New data, generated by David Ornitz and colleagues, at Washington University School of Medicine, St. Louis, have indicated a crucial role for signaling pathways that involve the protein sonic hedgehog in maintaining the blood vessels that supply the mouse heart and keep it beating.  These data have implications for drug development as they suggest that antagonists of hedgehog signaling pathways, such as those being developed as anticancer therapeutics, might have unwanted side effects.

In the study, mice lacking the ability to mediate hedgehog signaling in cells that form part of the blood vessels that supply the heart were found to die of heart failure.  This was because in the absence of hedgehog signaling the blood vessels of the heart were lost, meaning that the heart cells were no longer supplied with enough oxygen and died.  Although these data indicate a need for caution when developing clinical antagonists of hedgehog signaling, it is possible that the degree of inhibition needed to have a clinical effect on tumor development might not have the effect on blood vessels of the heart that completely eliminating expression of the protein does.

The potentially fatal heart disease LQT-2, which is characterized by the prolongation of a specific interval of time (known as the QT interval) in the heart’s electrical cycle, is caused by mutations in the HERG gene. What triggers the changes in the electrical activity in the heart (and therefore in the beating of the heart) has not been completely determined, although loud noises and emotional stress can be triggers. In a new study, a team of researchers from the Academic Medical Centre, The Netherlands, and the University of Wisconsin, Madison, has revealed that fever can also trigger life-threatening changes in the electrical activity in the heart of patients with LQT-2.
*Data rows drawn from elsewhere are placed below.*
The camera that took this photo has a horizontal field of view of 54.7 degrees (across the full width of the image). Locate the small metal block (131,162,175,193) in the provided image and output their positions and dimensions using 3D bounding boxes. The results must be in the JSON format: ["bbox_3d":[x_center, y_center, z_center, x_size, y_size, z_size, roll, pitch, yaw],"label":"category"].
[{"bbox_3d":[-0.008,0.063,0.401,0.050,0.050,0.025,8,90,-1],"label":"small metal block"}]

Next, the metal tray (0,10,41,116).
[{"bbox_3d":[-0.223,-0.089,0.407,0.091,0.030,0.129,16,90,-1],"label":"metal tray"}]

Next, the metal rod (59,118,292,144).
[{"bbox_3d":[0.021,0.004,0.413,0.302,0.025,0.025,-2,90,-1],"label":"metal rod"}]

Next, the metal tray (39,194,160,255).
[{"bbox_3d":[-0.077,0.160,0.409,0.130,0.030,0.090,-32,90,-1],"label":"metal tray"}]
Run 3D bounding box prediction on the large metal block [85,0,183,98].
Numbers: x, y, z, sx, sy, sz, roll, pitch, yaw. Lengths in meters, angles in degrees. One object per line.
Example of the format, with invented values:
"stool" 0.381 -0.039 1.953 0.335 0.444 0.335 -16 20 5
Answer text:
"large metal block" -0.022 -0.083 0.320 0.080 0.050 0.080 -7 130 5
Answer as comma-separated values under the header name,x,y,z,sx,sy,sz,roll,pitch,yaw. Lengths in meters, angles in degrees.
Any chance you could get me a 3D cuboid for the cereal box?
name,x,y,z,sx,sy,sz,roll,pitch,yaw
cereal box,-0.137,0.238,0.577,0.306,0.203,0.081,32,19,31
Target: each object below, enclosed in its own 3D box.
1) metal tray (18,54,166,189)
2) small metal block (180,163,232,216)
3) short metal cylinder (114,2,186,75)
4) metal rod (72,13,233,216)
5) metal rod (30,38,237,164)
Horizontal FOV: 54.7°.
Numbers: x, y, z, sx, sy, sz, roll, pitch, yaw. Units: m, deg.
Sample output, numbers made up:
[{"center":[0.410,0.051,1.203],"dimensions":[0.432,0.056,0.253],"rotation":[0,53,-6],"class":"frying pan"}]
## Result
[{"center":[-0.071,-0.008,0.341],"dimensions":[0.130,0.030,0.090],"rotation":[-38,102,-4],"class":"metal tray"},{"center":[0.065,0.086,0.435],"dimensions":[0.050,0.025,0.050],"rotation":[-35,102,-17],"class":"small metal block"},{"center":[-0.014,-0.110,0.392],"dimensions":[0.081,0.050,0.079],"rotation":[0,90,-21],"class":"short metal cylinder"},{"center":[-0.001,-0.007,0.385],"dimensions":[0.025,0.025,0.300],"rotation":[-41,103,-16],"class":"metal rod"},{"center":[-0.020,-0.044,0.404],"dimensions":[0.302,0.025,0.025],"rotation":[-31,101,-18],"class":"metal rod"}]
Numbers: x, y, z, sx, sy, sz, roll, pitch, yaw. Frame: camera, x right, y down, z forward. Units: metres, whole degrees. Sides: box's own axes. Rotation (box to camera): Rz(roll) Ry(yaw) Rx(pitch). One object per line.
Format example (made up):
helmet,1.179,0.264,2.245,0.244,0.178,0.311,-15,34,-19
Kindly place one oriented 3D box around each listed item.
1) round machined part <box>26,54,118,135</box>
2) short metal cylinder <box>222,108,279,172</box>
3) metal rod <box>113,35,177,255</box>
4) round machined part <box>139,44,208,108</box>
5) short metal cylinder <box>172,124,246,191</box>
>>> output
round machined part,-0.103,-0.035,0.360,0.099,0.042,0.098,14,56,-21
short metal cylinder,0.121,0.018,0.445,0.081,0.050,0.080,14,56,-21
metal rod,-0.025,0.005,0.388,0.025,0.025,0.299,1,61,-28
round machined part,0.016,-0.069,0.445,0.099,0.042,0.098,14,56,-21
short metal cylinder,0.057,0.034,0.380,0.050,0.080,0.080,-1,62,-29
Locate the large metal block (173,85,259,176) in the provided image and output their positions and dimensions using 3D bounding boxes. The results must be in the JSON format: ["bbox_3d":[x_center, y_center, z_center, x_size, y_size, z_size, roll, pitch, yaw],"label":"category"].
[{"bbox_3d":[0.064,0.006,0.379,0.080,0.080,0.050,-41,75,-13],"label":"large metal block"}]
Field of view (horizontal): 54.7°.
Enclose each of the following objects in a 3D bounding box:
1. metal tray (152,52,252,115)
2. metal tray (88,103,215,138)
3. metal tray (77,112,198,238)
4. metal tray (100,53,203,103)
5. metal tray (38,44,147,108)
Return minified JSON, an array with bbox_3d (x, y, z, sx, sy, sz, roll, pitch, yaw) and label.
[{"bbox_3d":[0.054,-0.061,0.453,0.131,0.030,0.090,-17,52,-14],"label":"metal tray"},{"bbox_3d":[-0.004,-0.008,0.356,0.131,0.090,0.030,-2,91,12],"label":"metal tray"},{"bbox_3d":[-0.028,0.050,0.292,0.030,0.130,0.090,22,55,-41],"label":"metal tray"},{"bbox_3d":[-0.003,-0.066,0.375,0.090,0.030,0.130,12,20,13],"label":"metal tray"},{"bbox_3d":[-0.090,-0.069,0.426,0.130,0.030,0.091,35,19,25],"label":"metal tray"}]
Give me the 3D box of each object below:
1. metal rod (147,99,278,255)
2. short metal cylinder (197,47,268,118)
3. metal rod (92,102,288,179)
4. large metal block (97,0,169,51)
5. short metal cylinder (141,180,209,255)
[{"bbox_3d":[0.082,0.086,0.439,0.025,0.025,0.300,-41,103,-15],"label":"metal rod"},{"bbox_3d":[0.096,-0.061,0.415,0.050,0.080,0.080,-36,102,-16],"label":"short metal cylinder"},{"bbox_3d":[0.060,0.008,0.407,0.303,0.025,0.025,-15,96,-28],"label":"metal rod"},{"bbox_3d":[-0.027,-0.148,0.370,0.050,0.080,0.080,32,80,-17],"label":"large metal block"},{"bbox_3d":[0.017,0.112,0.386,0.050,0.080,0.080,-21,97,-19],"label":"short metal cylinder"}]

The team, led by Arthur Wilde and Craig January, measured the electrical activity in the heart over time (something that is recorded in an ECG) of two LQT-2 patients with the same HERG mutation (A558P), and found that fever was associated with prolonged QT intervals in these individuals. When this mutation was introduced into a cultured human cell line, the cells exhibited temperature-dependent characteristics, including altered electrical currents across their cell membranes at high temperatures. The authors therefore conclude that similar changes in electrical currents occur in heart cells at the high temperatures associated with fever and that fever is a potential trigger of the potentially lethal changes in the electrical activity in the heart of patients with LQT-2.